I have friends who have been looking after legacy applications for an airline running on Unisys. The core apps for reservation, Cargo booking and weight/balance were written in FORTRAN. In recent times, the front end was written in Java to give web access. They tried to rewrite the core apps but it was impossible to do so and get the performance.

YeGoblynQueenne · 9 years ago
>> They tried to rewrite the core apps but it was impossible to do so and get the performance.

Well, Cobol is a bit like the C of mainframes - you can manipulate memory directly and so on. You can't really do that sort of thing with Java.

stefs · 9 years ago
a) if it was really running on the old hardware; in that case ruby on a modern machine would have been several magnitudes faster than the original code - at least because of the faster IO

b) if the whole thing was indeed running in an emulator, the emulation overhead would have negated all direct memory access advantages

eru · 9 years ago
> The thing is that there was a lot about those old systems that was slow, so you were very, very careful how you programmed.

That's a common sentiment. I wish I could find the quote by someone who made the transition; it was about how happy they were to be able to compile so much quicker, and how getting immediate feedback made them so much more productive.

3n7r0pY · 9 years ago
The notion of waiting ages for programs to compile or assemble is mostly related to the older hardware.

I compile/assemble COBOL and IBM's assembly language on a z13 daily and it's pretty much instantaneous.

nl · 9 years ago
Did anyone read this and go "hu"?

There's this whole thing about how they are getting data from mainframes where "the data was being returned in between one and six milliseconds".

But then: "harvest that data from the magnetic tape and load them up into more traditional databases. That Java application was extracting the data from the databases"

But then: "But the data from the mainframes was actually arriving (from its new home in the database) in less than six milliseconds. The bottleneck was — of course — the Java application."

So of course it is entirely possibly to write slow Java applications. But then the story seems to end! So what happened? Did they fix the application?

geodel · 9 years ago
I have heard from many of my friends about massive projects of 'modernizing' mainframe applications with Java stack. Java did not deliver improvement that management was expecting. Once the project consumed all the budget for ~25% completion, they were scrapped.

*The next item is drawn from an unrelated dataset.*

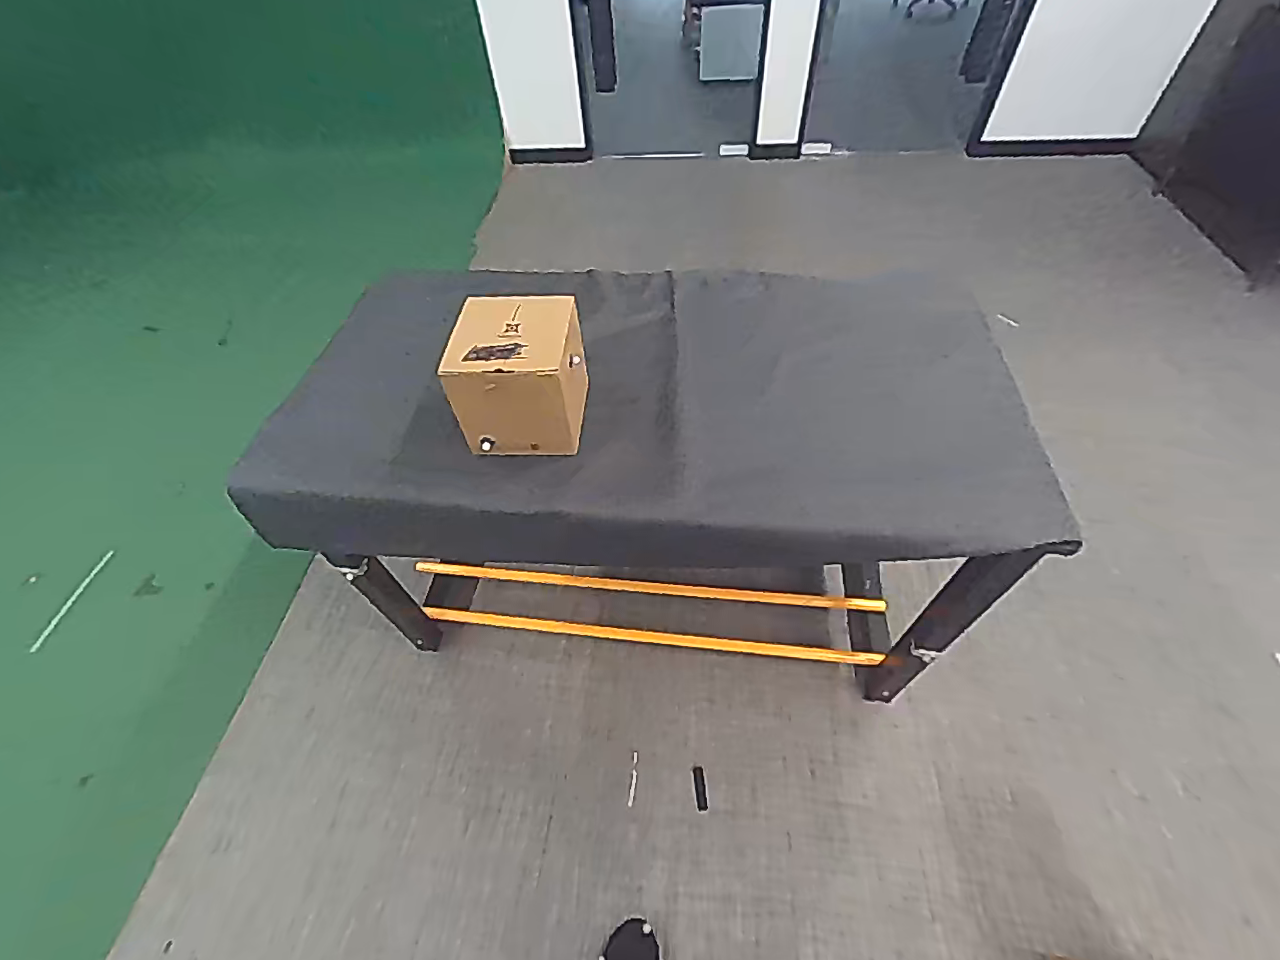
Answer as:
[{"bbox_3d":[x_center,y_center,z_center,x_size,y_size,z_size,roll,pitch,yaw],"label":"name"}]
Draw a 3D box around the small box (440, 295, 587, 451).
[{"bbox_3d":[-0.177,-0.158,0.823,0.168,0.176,0.179,1,51,4],"label":"small box"}]

I think, though without any proof, that overreliance of 100s of mixed quality libraries, combined with 'best practices' of enterprise development and heavy application of design patterns creates a very large surface area for change. This makes reasonable translation of functionality to Java almost impossible.

neeleshs · 9 years ago
Was it Java that did not deliver improvement, or was it the team? :)
acdha · 9 years ago
… or organizational culture? A lot of places really wanted to believe the problem was the technology because that's relatively much easier to change than going to a bunch of very senior managers and telling them that the way they're used to doing business is too expensive to continue.
geodel · 9 years ago
I am inclined to say Java as I have not seen mythical teams who work on Java without whole caboodle of 'Enterprise Apps' culture.
walrus01 · 9 years ago
When I first saw the Chromebook, my thought was that Larry Ellison's 1998 dream of a network computer thin terminal had come true. It's smarter than a true thin terminal, but everything lives in the cloud (err, butt).
lokedhs · 9 years ago
Being someone who worked for Sun at the time, I'd rather say it was Scott McNealy's dream.
bitwize · 9 years ago
That Chrome extension is clbuttic.
TeMPOraL · 9 years ago
Indeed.

> but everything lives in my butt (err, butt).

I had to open the comment in porn (er, incognito) mode in order to parse it :D.